Measuring nonlinearity and reducing it

How to measure the nonlinearity of a function {f\colon I\to \mathbb R} where {I\subset \mathbb R} is an interval? A natural way is to consider the smallest possible deviation from a line {y=kx+b}, that is {\inf_{k, b}\sup_{x\in I}|f(x)-kx-b|}. It turns out to be convenient to divide this by {|I|}, the length of the interval {I}. So, let {\displaystyle NL(f;I) = \frac{1}{|I|} \inf_{k, b}\sup_{x\in I}|f(x)-kx-b|}. (This is similar to β-numbers of Peter Jones, except the deviation from a line is measured only in the vertical direction.)
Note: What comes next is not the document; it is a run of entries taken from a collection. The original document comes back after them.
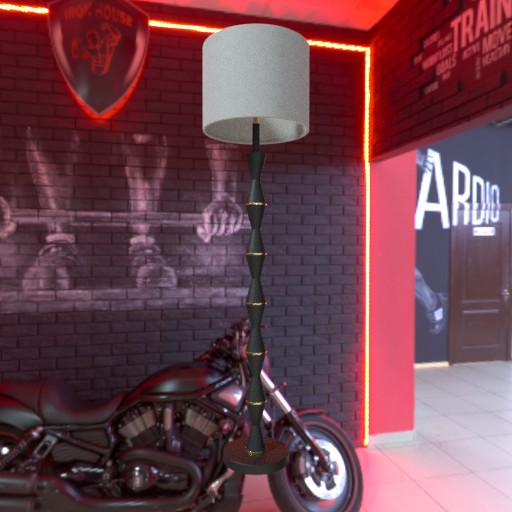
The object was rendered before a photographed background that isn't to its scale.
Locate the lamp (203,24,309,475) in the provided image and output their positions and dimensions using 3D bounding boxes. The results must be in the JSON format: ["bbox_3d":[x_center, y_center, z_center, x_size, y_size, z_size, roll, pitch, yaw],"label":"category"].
[{"bbox_3d":[0.000,0.000,1.607,0.381,1.480,0.381,0,1,19],"label":"lamp"}]
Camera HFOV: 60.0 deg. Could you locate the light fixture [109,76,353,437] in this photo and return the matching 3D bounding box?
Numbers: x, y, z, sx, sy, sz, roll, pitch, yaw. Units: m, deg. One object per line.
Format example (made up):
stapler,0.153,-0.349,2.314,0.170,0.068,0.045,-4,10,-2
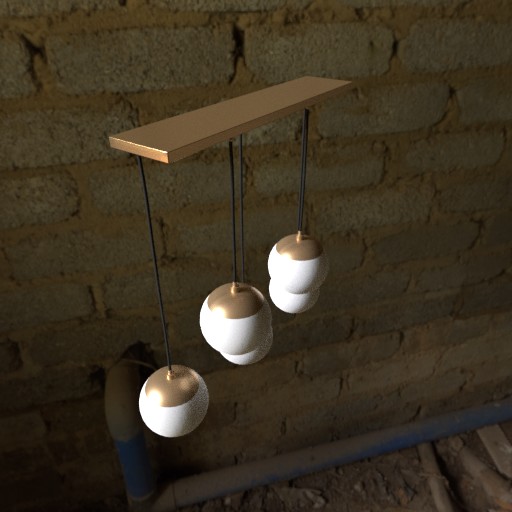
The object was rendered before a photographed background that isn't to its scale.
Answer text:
light fixture,0.000,0.000,1.303,0.299,0.869,0.863,21,38,29
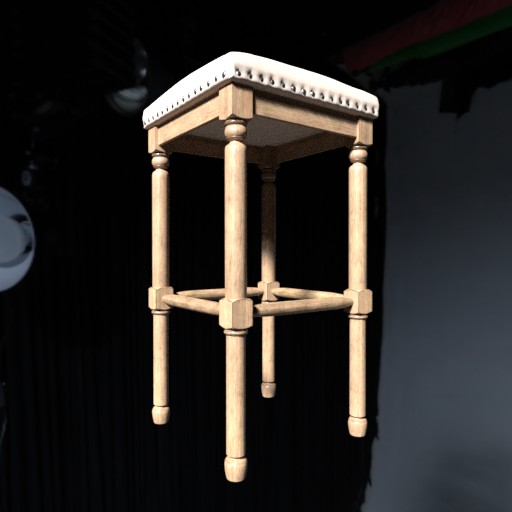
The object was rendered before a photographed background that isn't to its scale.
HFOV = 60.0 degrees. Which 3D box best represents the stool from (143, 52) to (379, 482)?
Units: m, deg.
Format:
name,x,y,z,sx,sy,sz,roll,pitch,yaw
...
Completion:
name,x,y,z,sx,sy,sz,roll,pitch,yaw
stool,0.000,0.000,0.989,0.382,0.768,0.383,0,1,-36
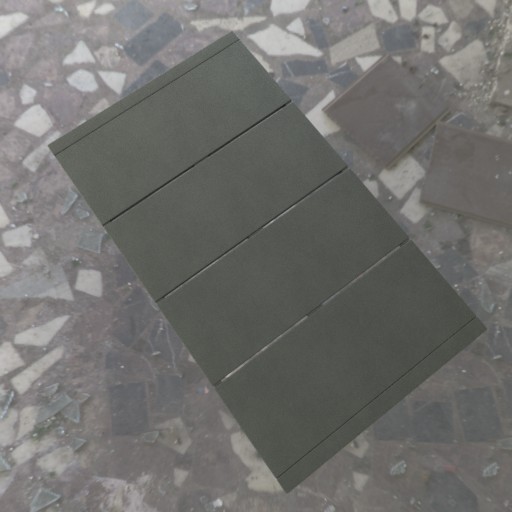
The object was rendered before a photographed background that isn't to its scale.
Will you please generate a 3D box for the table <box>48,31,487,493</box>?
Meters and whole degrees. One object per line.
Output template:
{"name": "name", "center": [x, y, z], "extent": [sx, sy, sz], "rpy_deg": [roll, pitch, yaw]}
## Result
{"name": "table", "center": [0.000, 0.000, 1.250], "extent": [0.559, 0.460, 0.965], "rpy_deg": [-36, 79, -8]}
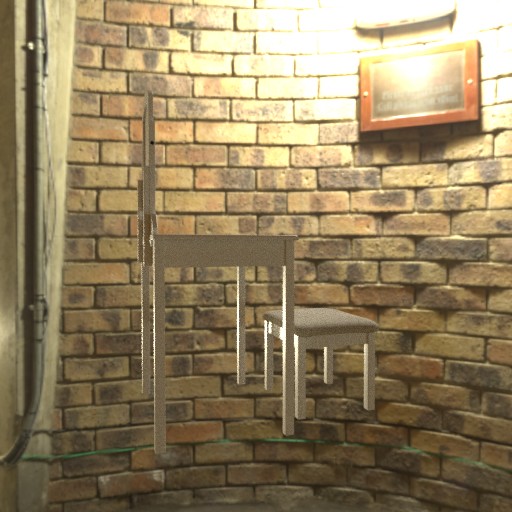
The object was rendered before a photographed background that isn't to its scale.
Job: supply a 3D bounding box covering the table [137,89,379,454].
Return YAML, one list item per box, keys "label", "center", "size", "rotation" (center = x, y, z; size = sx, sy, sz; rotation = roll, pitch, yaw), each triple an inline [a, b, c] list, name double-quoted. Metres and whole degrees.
- label: "table"
  center: [0.000, 0.000, 2.400]
  size: [1.211, 1.631, 0.876]
  rotation: [0, 1, -18]
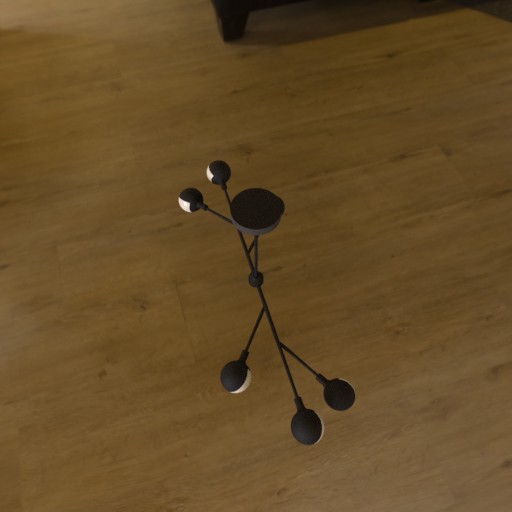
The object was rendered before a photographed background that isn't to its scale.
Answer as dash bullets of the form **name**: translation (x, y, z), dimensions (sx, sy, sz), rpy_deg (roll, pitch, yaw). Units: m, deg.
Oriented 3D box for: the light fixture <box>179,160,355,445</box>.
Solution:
- **light fixture**: translation (0.000, 0.000, 1.016), dimensions (0.434, 0.362, 0.778), rpy_deg (-1, 59, -1)
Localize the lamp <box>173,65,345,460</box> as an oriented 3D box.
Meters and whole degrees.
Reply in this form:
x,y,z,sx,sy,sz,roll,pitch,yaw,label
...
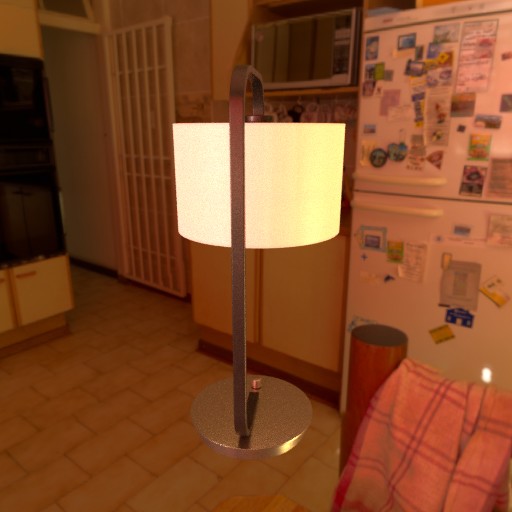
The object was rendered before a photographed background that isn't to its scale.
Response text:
x,y,z,sx,sy,sz,roll,pitch,yaw,label
0.000,0.000,0.622,0.230,0.473,0.288,2,16,7,lamp
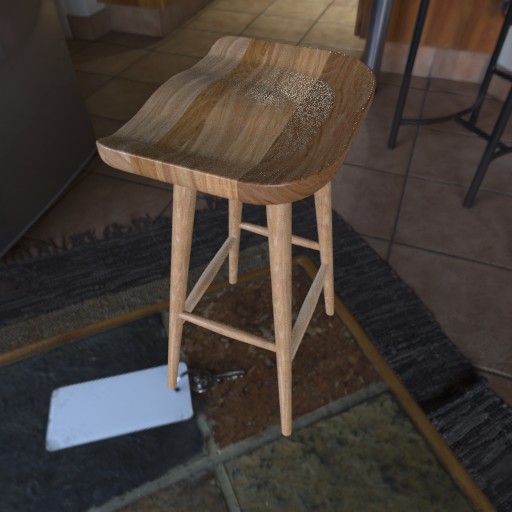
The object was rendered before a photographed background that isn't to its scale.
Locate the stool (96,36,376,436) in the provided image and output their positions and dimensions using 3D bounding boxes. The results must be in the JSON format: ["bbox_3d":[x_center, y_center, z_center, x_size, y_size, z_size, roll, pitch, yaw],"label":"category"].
[{"bbox_3d":[0.000,0.000,0.917,0.322,0.698,0.407,17,49,15],"label":"stool"}]
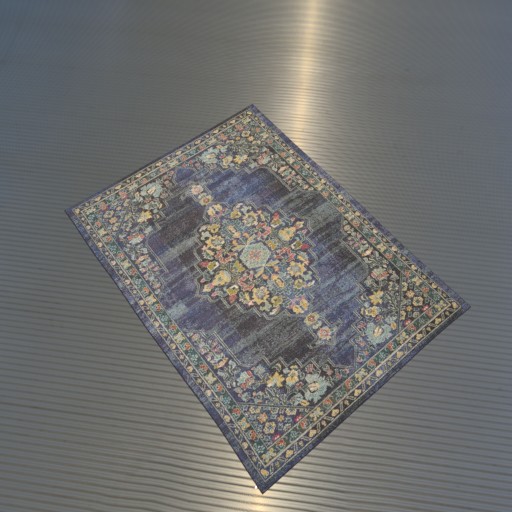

NL(f; I) is the maximal vertical distance between red and black, divided by the length of I

Relation with derivatives

The definition of derivative immediately implies that if {f'(a)} exists, then {NL(f;I)\to 0} as {I} shrinks to {a} (that is, gets smaller while containing {a}). A typical construction of a nowhere differentiable continuous function is based on making {NL(f;I)} bounded from below; it is enough to do this for dyadic intervals, and that can be done by adding wiggly terms like {2^{-n}\mathrm{dist}\,(x, 2^{-n}\mathbb Z)}: see the blancmange curve.

The converse is false: if {NL(f; I)\to 0} as {I} shrinks to {a}, the function {f} may still fail to be differentiable at {a}. The reason is that the affine approximation may have different slopes at different scales. An example is {f(x)=x \sin \sqrt{-\log |x|}} in a neighborhood of {0}. Consider a small interval {[-\delta, \delta]}. The line {y = kx} with {k=\sin\sqrt{-\log \delta}} is a good approximation to {f} because {f(x)/x\approx k} on most of the interval except for a very small part near {0}, and on that part {f} is very close to {0} anyway.

Why the root of logarithm? Because {\sin \log |x|} has a fixed amount of change on a fixed proportion of  {[-\delta, \delta]}, independently of {\delta}. We need a function slower than the logarithm, so that as {\delta} decreases, there is a smaller amount of change on a larger part of the interval {[-\delta, \delta]}.

Nonlinearity of Lipschitz functions

Suppose {f} is a Lipschitz function, that is, there exists a constant {L} such that {|f(x)-f(y)|\le L|x-y|} for all {x, y\in I}. It’s easy to see that {NL(f;I)\le L/2}, by taking the mid-range approximation {y=\frac12 (\max_I f + \min_I f)}. But the sharp bound is {NL(f;I)\le L/4} whose proof is not as trivial. The sharpness is shown by {f(x)=|x|} with {I=[-1,1]}.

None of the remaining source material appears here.